Si registrano voti di laurea più alti nelle lauree specialistiche: uno studente su due ottiene la lode (contro il 15 p.c. dei laureati triennali) e solo il 12 p.c. ottiene una votazione inferiore a 100/110.

I voti di laurea più elevati si registrano nelle facoltà di lettere e filosofia e di scienze matematiche, fisiche e naturali.

I voti più bassi nelle facoltà di economia e di giurisprudenza.

Il sostanziale equilibro tra i sessi, rilevato dall'ufficio Statistica del MIUR, maschera la netta predilezione delle studentesse per le facoltà umanistiche rispetto a quelle tecnico-scientifiche.

Il rapporto tra maschi e femmine è, in linea di massima, equo solo nelle facoltà di scienze politiche, economia ed architettura.

In crescita, inoltre, il numero dei dottorati di ricerca (329 unità).

Dal punto di vista del rapporto tra personale/iscritti per ateneo, il Friuli Venezia Giulia, nel suo complesso, detiene il primato rispetto alla media italiana.

Ma il corpo docente dell'Università degli Studi di Trieste è più anziano rispetto alla media nazionale: nell'ateneo giuliano l'età media dei docenti di ruolo supera i 53 anni (i 60 per gli ordinari) ed è particolarmente elevata nelle facoltà di lettere e lingue straniere, mentre in quello friulano e alla Sissa i docenti sono mediamente più giovani.

La Regione interviene con cospicue risorse in favore degli atenei.

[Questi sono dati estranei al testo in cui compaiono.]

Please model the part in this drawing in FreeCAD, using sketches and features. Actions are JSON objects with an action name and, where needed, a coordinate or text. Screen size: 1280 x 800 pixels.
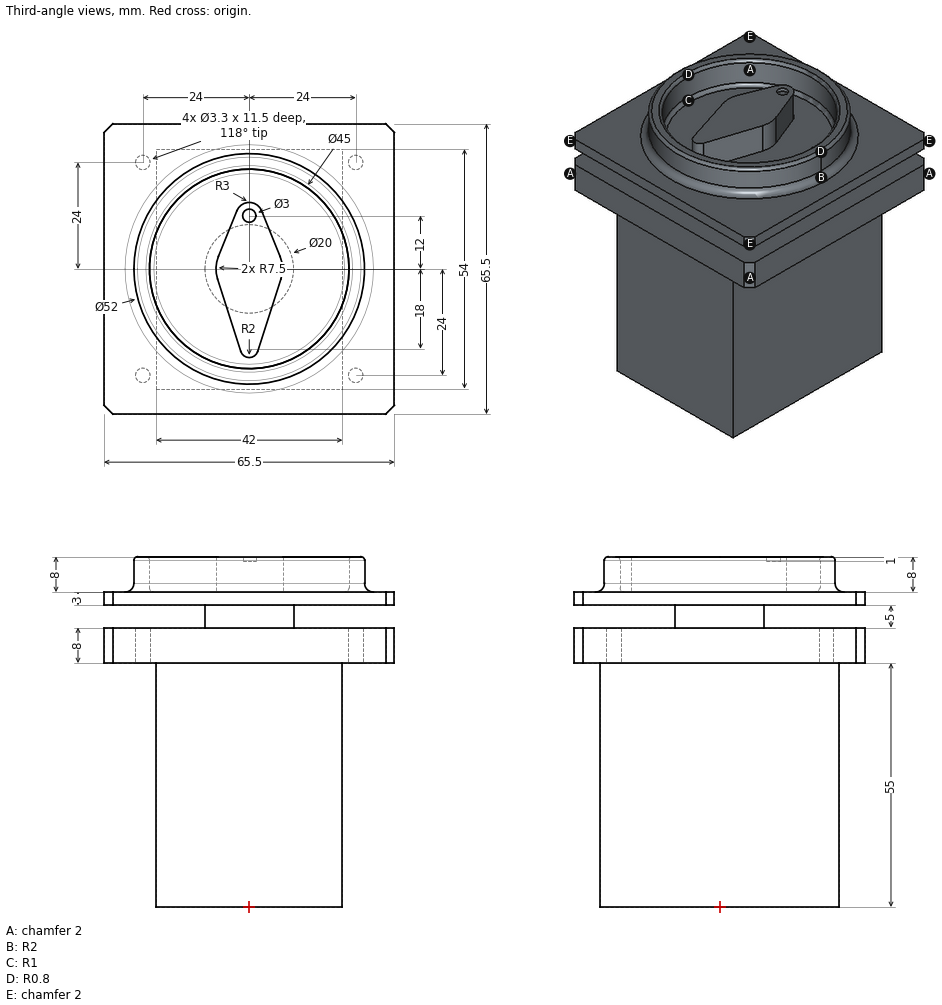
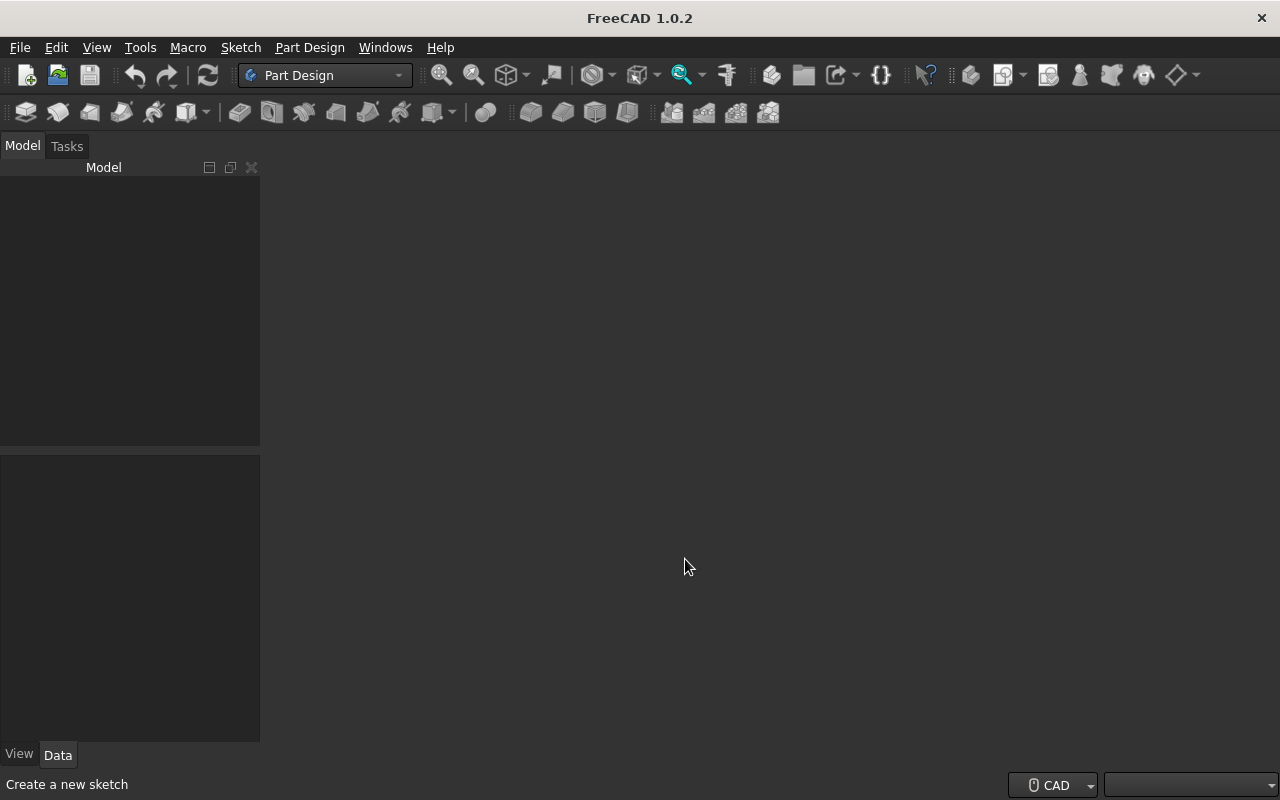
{"action": "left_click", "coordinate": [26, 76]}
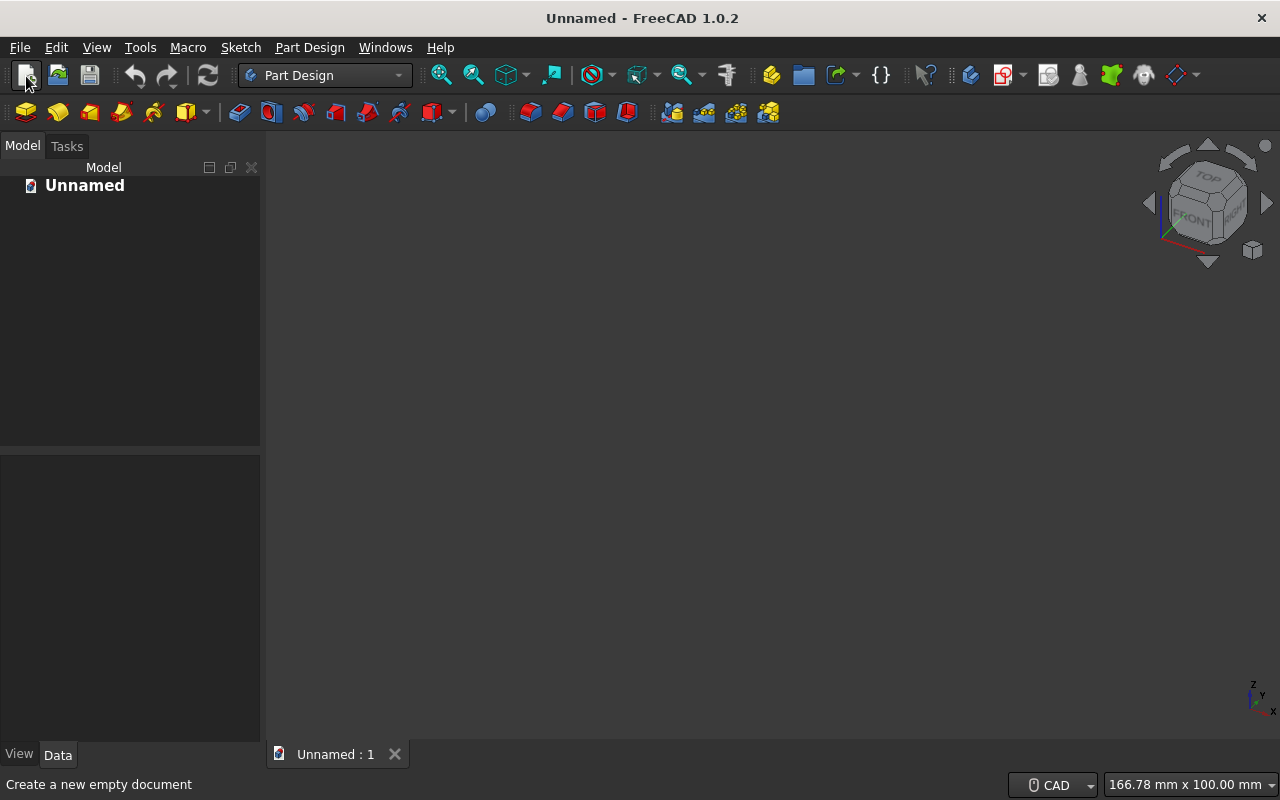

Di recente la Giunta regionale, su proposta dell'assessore alle Finanze, Sandra Savino, ha autorizzato la concessione di una fideiussione a favore dell'Università degli Studi di Trieste, a garanzia del mutuo che l'ateneo andrà a contrarre con la Cassa depositi e prestiti per i lavori di ristrutturazione della sede distaccata di Gorizia (via D'Alviano), stima dei lavori che si attesta sul milione di euro circa.